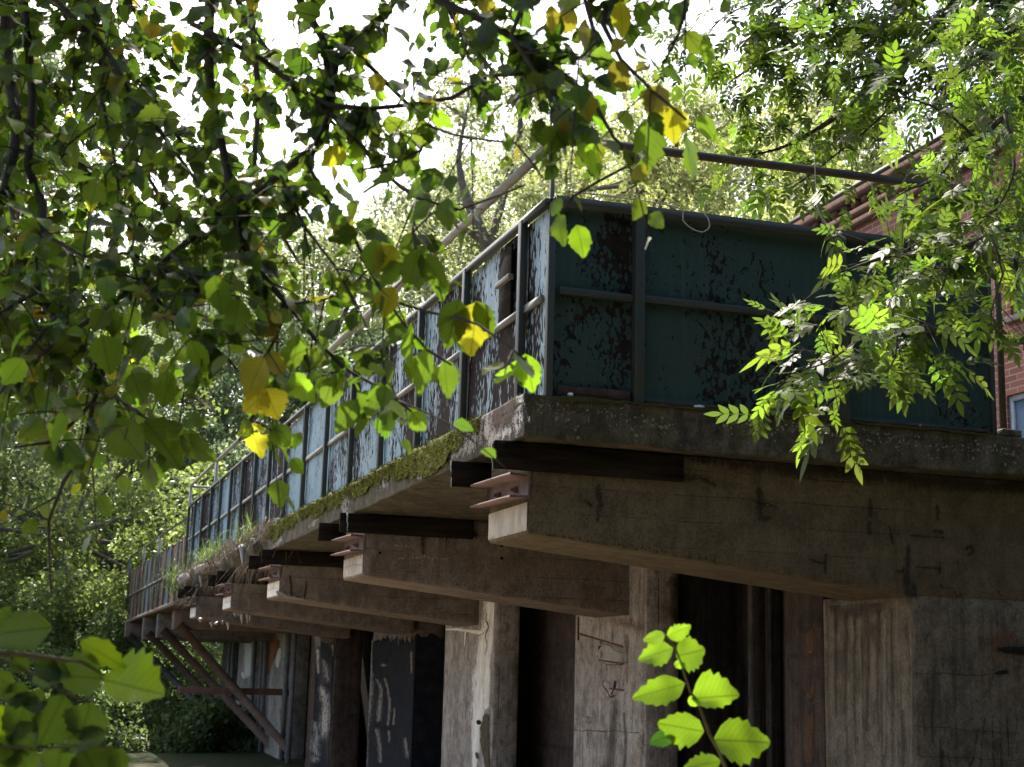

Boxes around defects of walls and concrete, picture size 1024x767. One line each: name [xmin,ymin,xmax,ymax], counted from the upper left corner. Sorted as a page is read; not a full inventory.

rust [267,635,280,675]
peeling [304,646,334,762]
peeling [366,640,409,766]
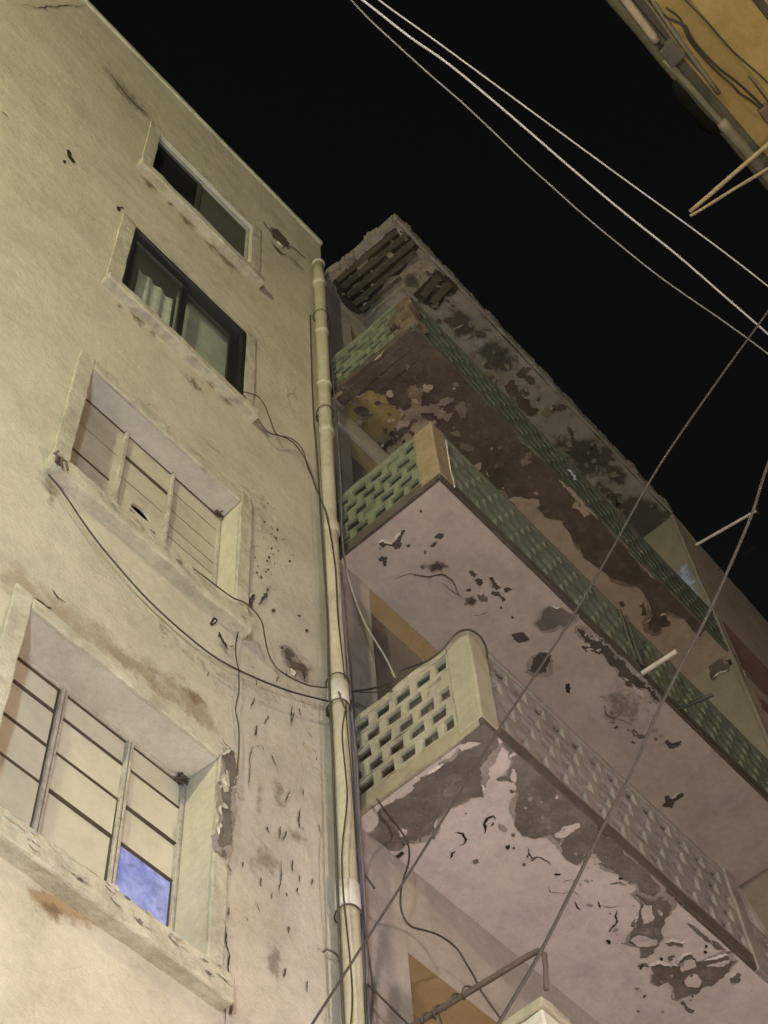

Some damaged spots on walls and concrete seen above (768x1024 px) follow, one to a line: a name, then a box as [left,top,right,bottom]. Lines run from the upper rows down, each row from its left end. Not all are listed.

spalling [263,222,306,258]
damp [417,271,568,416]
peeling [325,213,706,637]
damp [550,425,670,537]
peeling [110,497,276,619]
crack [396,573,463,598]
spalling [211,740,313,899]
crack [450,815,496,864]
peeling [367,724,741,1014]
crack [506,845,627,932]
------------------------------
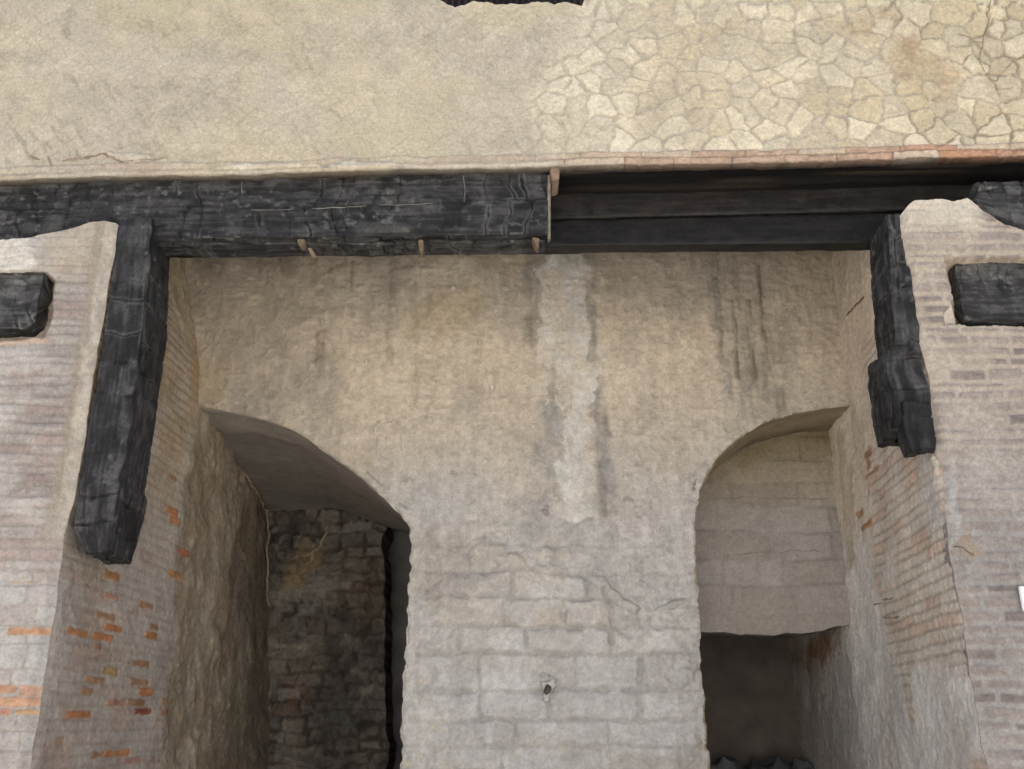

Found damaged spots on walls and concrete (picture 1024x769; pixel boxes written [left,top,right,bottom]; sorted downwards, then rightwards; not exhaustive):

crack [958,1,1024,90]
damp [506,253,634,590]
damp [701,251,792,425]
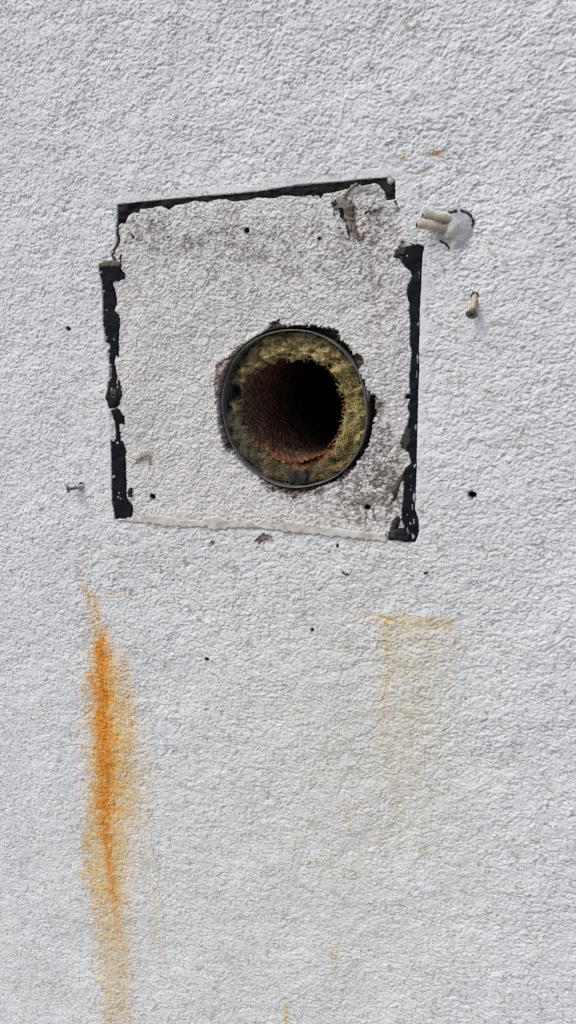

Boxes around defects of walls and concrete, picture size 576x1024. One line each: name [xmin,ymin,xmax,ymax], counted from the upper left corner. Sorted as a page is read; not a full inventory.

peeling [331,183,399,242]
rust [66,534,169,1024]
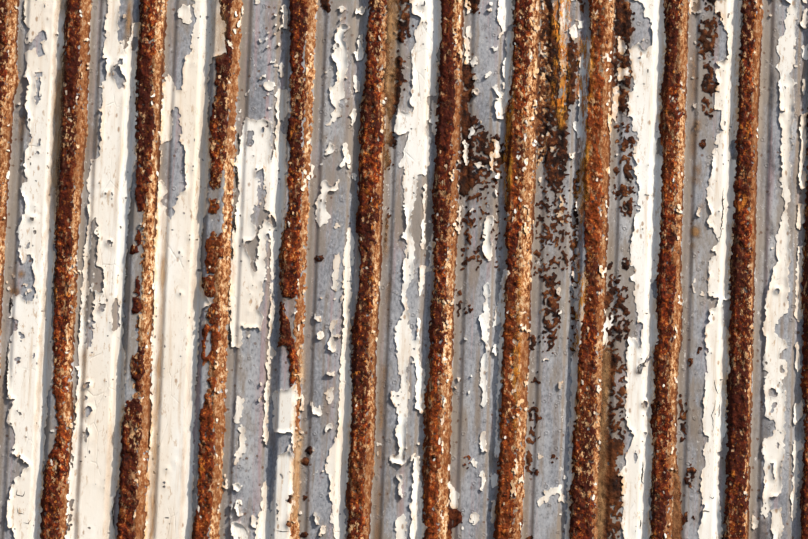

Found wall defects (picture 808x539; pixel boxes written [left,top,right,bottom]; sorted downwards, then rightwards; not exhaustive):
------------------------------
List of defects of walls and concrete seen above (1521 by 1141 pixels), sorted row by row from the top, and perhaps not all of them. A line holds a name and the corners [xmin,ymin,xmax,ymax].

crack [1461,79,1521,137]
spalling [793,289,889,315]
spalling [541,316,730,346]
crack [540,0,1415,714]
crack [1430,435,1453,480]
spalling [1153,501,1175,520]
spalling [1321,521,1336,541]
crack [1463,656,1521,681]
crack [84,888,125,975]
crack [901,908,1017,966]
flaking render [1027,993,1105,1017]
------------------------------
» Required action:
While skipping the pictures, transcribe the data above from the line showing "picture size 576x1024." through the line showing "Found wall defects", exactly and with both ends.

» Worked solution:
Boxes around defects of walls and concrete, picture size 576x1024. One line each: name [xmin,ymin,xmax,ymax], counted from the upper left corner. Sorted as a page is read; not a full inventory.

peeling [331,183,399,242]
rust [66,534,169,1024]

Found wall defects (picture 808x539; pixel boxes written [left,top,right,bottom]; sorted downwards, then rightwards; not exhaustive):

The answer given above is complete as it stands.